One thing about Bukowski: he was not only not part of the academy or the elite, he was pretty much despised or ignored by those tastemakers and gatekeepers and, fortunately, he eventually had enough success that he didn't have to rely on their insular, priggish, elitist (yes, elitist) cadre for support or approval. And he had them in his sights. But since he lived and breathed and struggled amongst not only the so-called common humanity, he saw them, too. Clearly. And he had the street level credibility to get them in his sights, and his assessments of what fuels ignorance, fear, and violence revolves around one single thing: hatred.

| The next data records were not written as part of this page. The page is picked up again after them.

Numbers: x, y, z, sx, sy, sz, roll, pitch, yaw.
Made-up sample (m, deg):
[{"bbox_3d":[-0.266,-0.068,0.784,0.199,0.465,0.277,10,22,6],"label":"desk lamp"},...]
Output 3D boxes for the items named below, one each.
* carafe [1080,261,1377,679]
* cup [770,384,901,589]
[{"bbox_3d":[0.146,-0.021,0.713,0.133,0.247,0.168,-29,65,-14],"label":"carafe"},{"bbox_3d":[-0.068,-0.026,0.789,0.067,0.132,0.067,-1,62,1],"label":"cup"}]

Bukowski has, of course, long been an easy target, especially for the insufferable and self-appointed insiders of the literary scene. Sure, the macho posturing (although this dude at least knew how to throw—and receive—a punch, literally and better still, figuratively) is never a good look and looks worse the further it recedes in the rear-view mirror. And yes, the output, staggering as it is (listen, just the willingness to put the words down, day after day, separates the scribblers from the posers, the doers from the onanists with amazing networks who worry about everything except actually getting the work done), is hard to parse, and tends to separate readers into opposite camps: completists for whom too much is never enough, and the aforementioned prigs who would never sully their delicate sensibilities by reading any of his work, or admitting it’s any good.

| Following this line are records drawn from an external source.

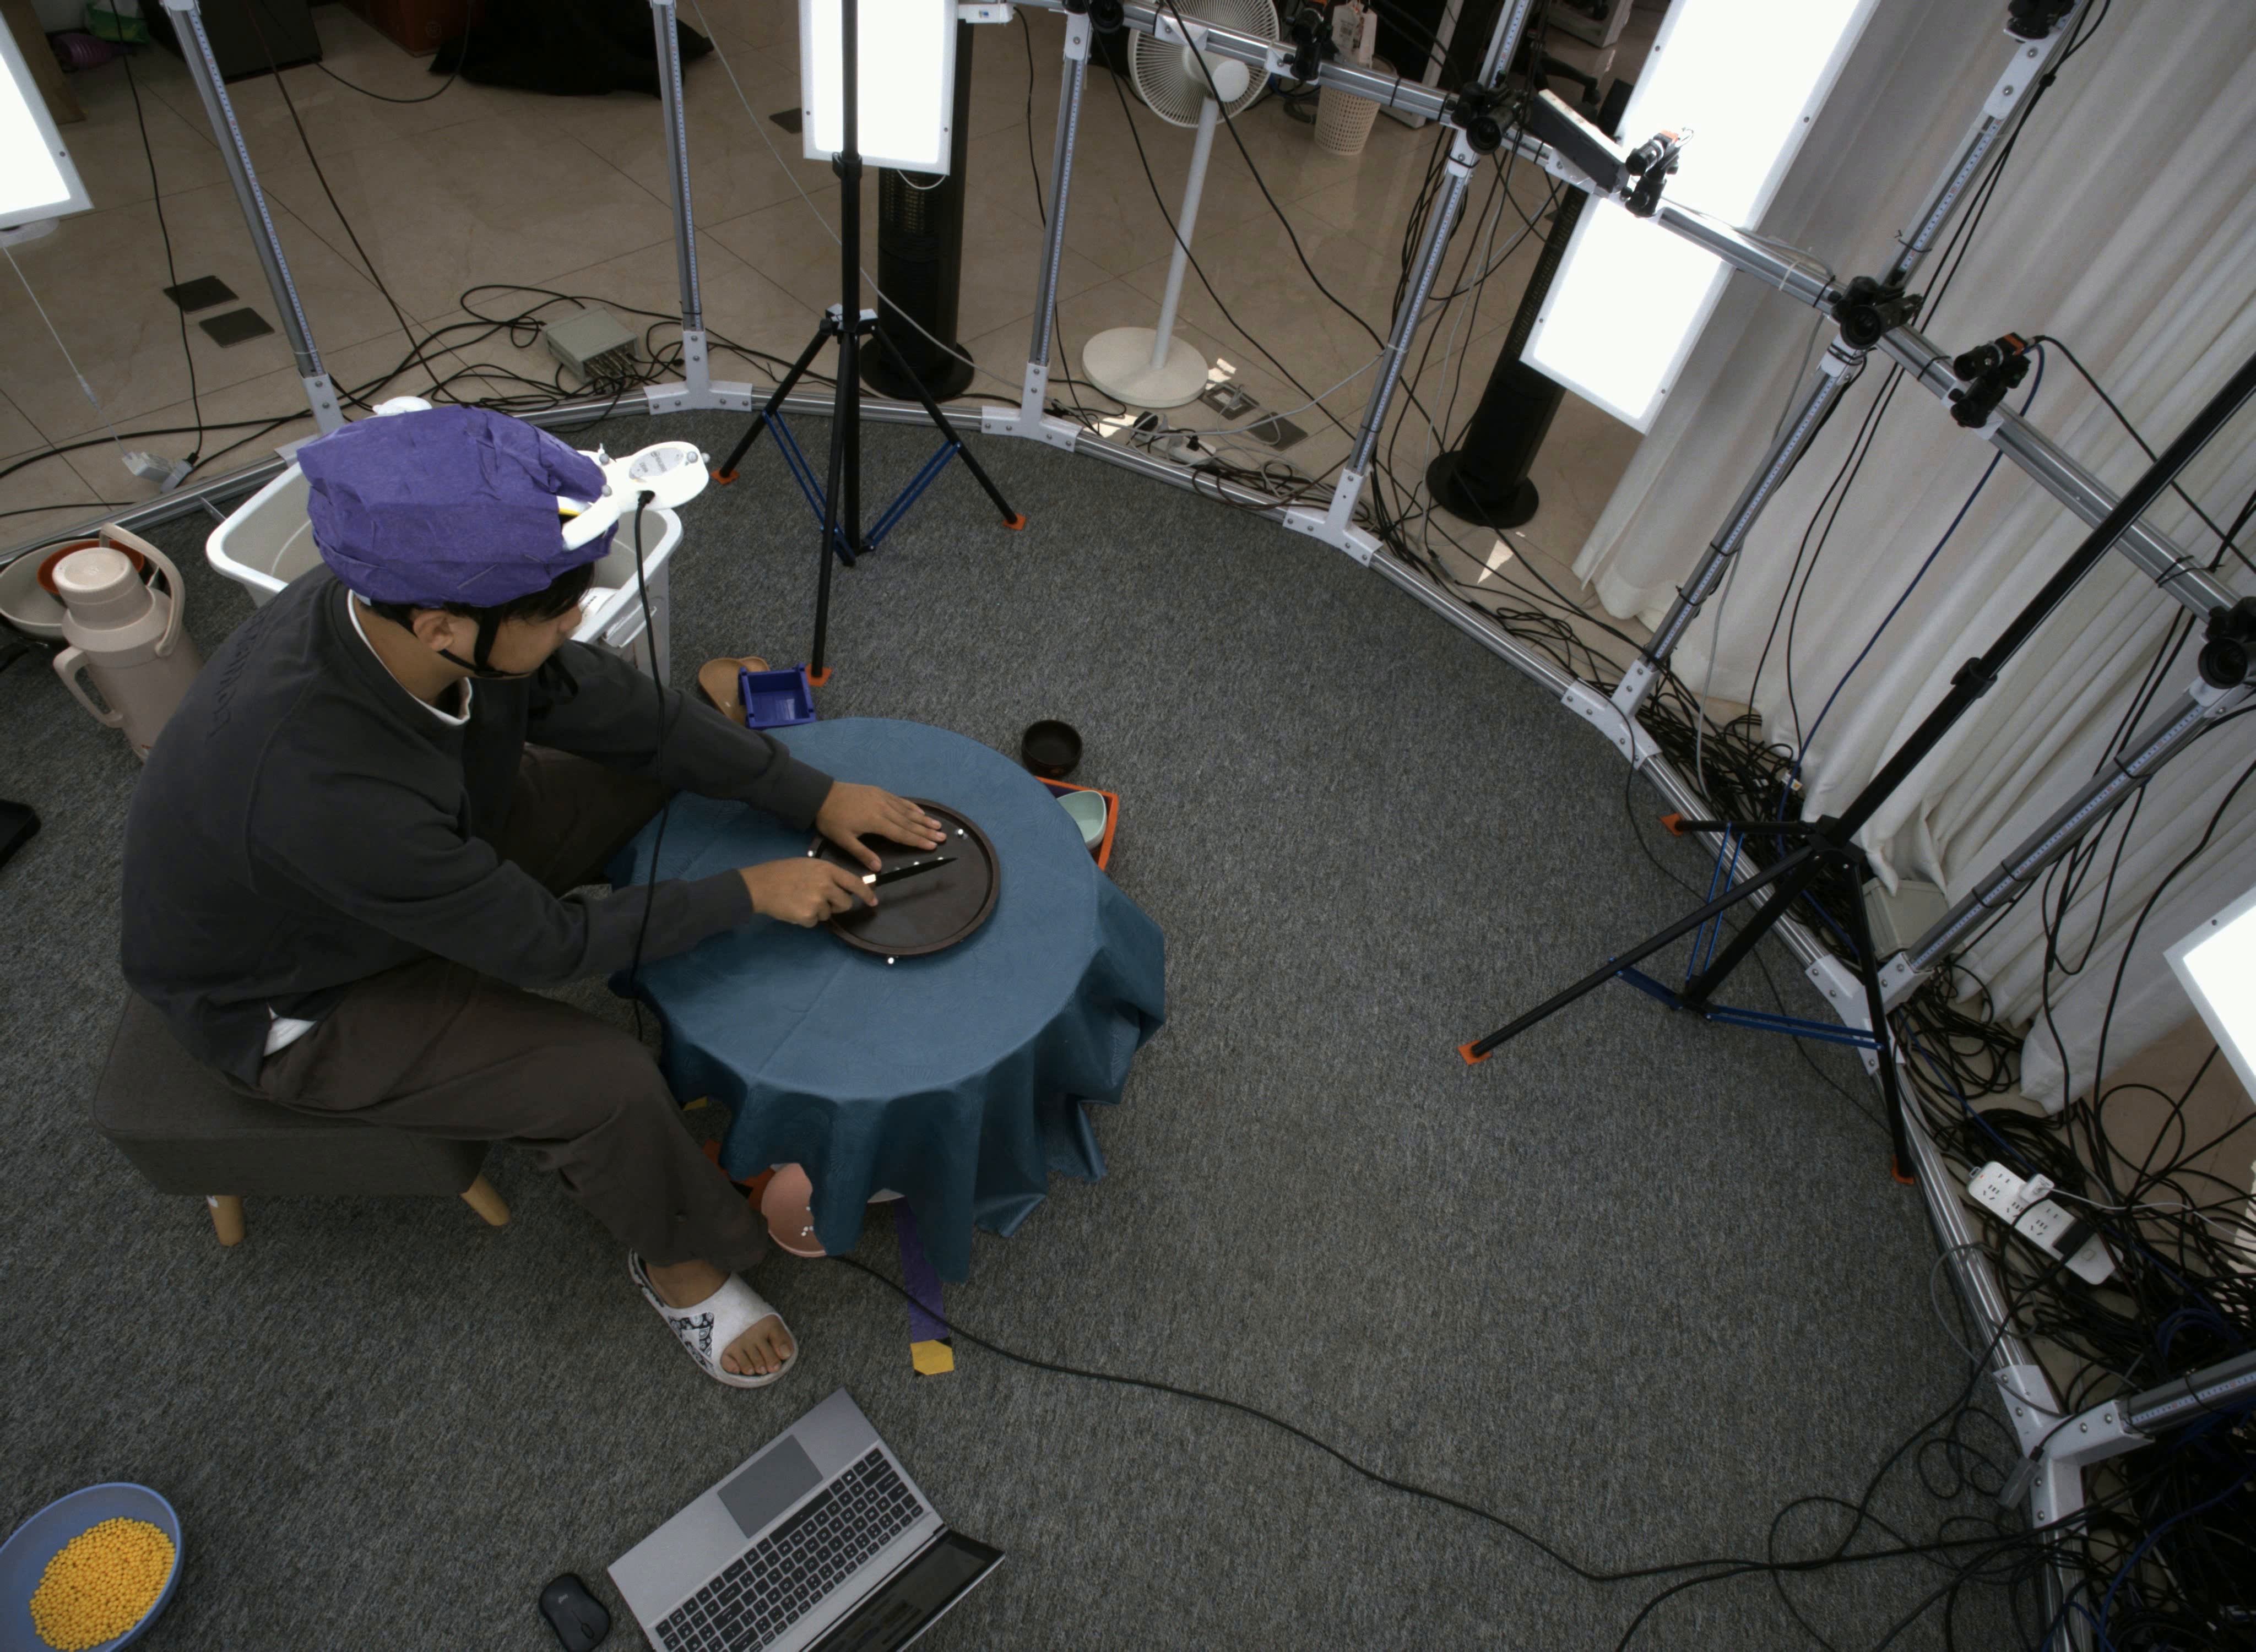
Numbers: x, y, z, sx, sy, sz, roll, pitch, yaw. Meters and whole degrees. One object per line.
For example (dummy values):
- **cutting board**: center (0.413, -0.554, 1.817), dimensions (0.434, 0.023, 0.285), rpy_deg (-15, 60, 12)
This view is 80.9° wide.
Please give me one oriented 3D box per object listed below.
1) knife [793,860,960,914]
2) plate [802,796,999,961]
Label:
- **knife**: center (-0.315, 0.070, 1.644), dimensions (0.227, 0.027, 0.017), rpy_deg (-17, 55, -27)
- **plate**: center (-0.293, 0.065, 1.690), dimensions (0.254, 0.029, 0.250), rpy_deg (7, 54, -8)

The fact of the matter is, Bukowski’s fiction has aged quite nicely indeed; even surprisingly so, and everyone is of course welcome to pick and choose the poems of their liking, but even if his body of work consisted of a handful of poems (some beloved, others obscure), his legacy stands proudly alongside many, many academy-anointed lightweights (no need to name names, but suffice it to say, I find more joy and soul—and authenticity—in a single page of Bukowski than anything I’ve read by Jonathan Franzen).
Your mileage may vary, but listen to this and this and see if they make so much contemporary writing seem insular, technical, precise, derivative, and like another brick in the ivory tower that’s at once endless and two-inches tall.
It’s an enduring tribute to The Buk that his writings continue to inform, inspire and console. It’s our collective tragedy, as human beings, that much of his subject matter remains relevant, applicable and therefore actively ignored. Then again, as William Carlos Williams declared, for all time: “It is difficult to get the news from poems/yet men die miserably every day for lack of what is found there.”
Which, inevitably, brings us to Trump. And, all the innocent bystanders asking the same question going back to at least 2015: how can anyone be attracted to this? How, at long last, can elected Republicans—even by their own seemingly unfathomable capacity for opportunism and shamelessness—continue to lick his fake gold boots? (That’s a rhetorical question: fear and expedience are the one-two punch that poisons democracy, and if you want to read more about that, just peruse The Washington Post and the New York Times right now).
The more puzzling question seems to be: who, exactly, are these millions of Americans whose lives are demonstrably impacted—for the worse—by every single Trump policy and initiative? And the answer is: they’ve always been out there, hiding in plain sight. Naturally, the internet has enabled them to crawl out of their rat holes and find solidarity in sheer numbers, as is true of any gang or cult. Obviously, from Fox News down to alt-right marches (and bro podcasts!), there are many cynical outlets profiting (in all regards) from exploiting their pain. And certainly, in Trump, we have the apotheosis of reality TV, media-made, substance-over-style cult of personality disorder to serve as both Pied Piper and demigod for the disenfranchised.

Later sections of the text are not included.